Even experts can unintentionally build race conditions into their code. Even they can easily overlook the side effects when multithreading suddenly interrupts the flow of code. Emergency teams later have to discover the causes, which involves a huge amount of effort. After all, the error the customer reports occurs only sporadically, because it only occurs given the temporal coincidence of certain events that cannot be easily reproduced by the development department.

One Thread Is Enough

If only one thread is running – as in a JavaScript application – then there can be no such race conditions, because the CPU runs the code as written, and nothing unexpected interrupts the flow. In other words, this approach has its benefits.

For a program with only one thread to run as fast as one with multiple threads, however, it must not be allowed to sit and twiddle its thumbs while, for example, a much slower network operation is in progress. To allow this to happen, the programmer relinquishes control over selected parts of the program to an event loop, which executes the events asynchronously. Once a programmer's brain has mastered the jump to asynchronous program flows, even complicated processes are wonderfully easy to write. Before that happens, however, some hurdles must be taken.

Hipster, Help!

Some people take a long time to understand asynchronous program flow. The resurrection of JavaScript as a hipster language, especially on the server side with the fully asynchronous Node.js framework, brought to light some of the familiar and typical stumbling blocks. Some elegant solutions (e.g., PubSub, Promises, or entire frameworks like Async.js) have lately emerged to help tame the asynchronous flow of complex applications [1].

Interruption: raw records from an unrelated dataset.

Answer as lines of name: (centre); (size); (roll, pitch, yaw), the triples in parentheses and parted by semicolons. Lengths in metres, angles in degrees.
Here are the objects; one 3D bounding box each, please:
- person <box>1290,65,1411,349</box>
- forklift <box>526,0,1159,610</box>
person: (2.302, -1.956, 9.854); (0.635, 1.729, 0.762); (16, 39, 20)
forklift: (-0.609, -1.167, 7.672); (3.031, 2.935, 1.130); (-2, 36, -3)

Asynchronous flow is something that newcomers also perceive as a limitation in Perl, because all of a sudden they cannot, for example, easily retrieve the content of a website with the LWP::User-Agent CPAN module and a call such as:

$ua->get("http://foo.com");

Because get() is waiting for the response from the web server, and the data is slowly trickling in, all of the application cogwheels are standing still, which is truly undesirable if you want snappy performance. Instead, everything now relies on callbacks, as in the following example with the AnyEvent framework:

http_get("http://foo.com", sub { print $_[1] } );

The program simply issues the order to get the website and returns to the main program immediately after calling the http_get() function. The event loop has accepted the job and only takes care of retrieving and collecting the data when the program again takes a break. Once everything is in place, the global event loop calls the previously attached callback with the acquired data, which it outputs using the print statement.

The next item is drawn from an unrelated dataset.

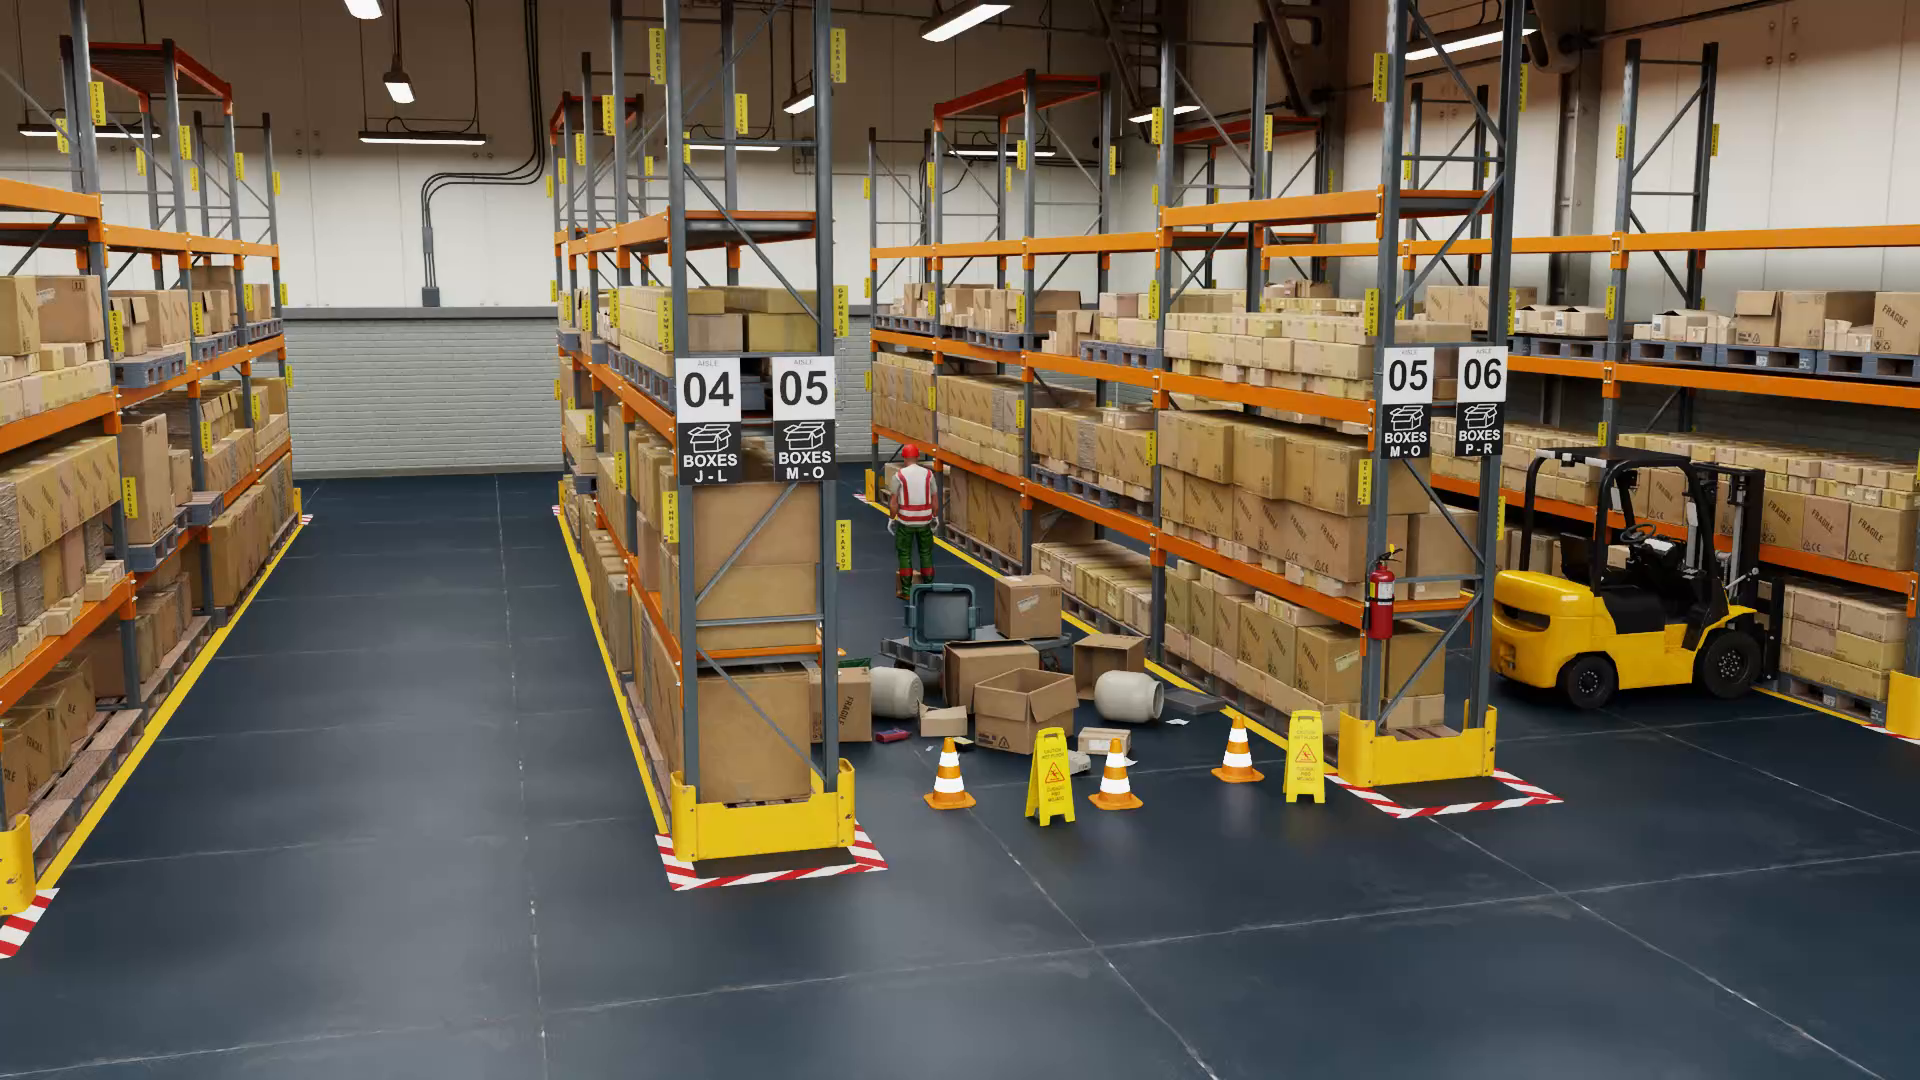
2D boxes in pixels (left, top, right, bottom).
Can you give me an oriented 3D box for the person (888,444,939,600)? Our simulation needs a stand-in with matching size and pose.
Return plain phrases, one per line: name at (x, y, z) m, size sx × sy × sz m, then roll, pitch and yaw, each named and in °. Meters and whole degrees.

However, this structure really messes up the program flow of an application:

http_get($url1,
   sub {
      http_get($url2, sub {
         # ...
      });
 });

If multiple web requests occur in quick succession, whose queries involve previously retrieved results, nesting can quickly take on dimensions that are difficult to understand.

Pyramid of Doom

If not handled correctly, the callback method quickly leads to what is known as the "Pyramid of Doom." This refers to nested functions, where each callback defines another callback. At some point, even the widest screen is no longer wide enough to write out the program flow, not to mention the fact that such code is extremely difficult to read and comprehend. Who would argue with this statement given Listing 1?

This simulates the problem that arises when the result of a web request flows into the next request, that is, where several web requests depend on one another. They can be processed asynchronously but need to keep to a predetermined order. To illustrate this, the script in Listing 1 [2] uses CountServer, a test server, which responds to requests on the URL http://localhost:9090 by returning another URL – in each case with a numerical path component incremented by 1:

$ curl http://localhost:9090/test-1.txt
http://localhost:9090/test-2.txt
$ curl http://localhost:9090/test-2.txt
http://localhost:9090/test-3.txt
$ curl http://localhost:9090/test-5.txt
http://localhost:9090/test-6.txt

The test client in Listing 1 starts the first asynchronous web request with the string /test-1.txt; in response, it receives the string /test-2.txt, which then sends the second request and receives test-3.txt in return. The actual output from http-get-nested in Listing 1 is:

$ ./http-get-nested
Got: http://localhost:9090/test-2.txt
Got: http://localhost:9090/test-3.txt
Got: http://localhost:9090/test-4.txt

This confirms that although the code is quite difficult to understand, it is still quite functional. The CountServer.pm code shown in Listing 2 is a very easy and simple Perl class whose start() method launches a web server from the CPAN AnyEvent::HTTPD module. The reg_cb() in line 22 lets the web server register a handler for incoming requests and thus return the path information to the requesting web client incremented by precisely 1 in each case.

If you're used to traditional sequenced programming and think you need to launch an external web server to test a web client, you may be scratching your head by now and suspecting some kind of sorcery. In the asynchronous world, however, it is common practice to run both server and client for testing purposes at the same time, in same program. This converts a unit test into an integration test!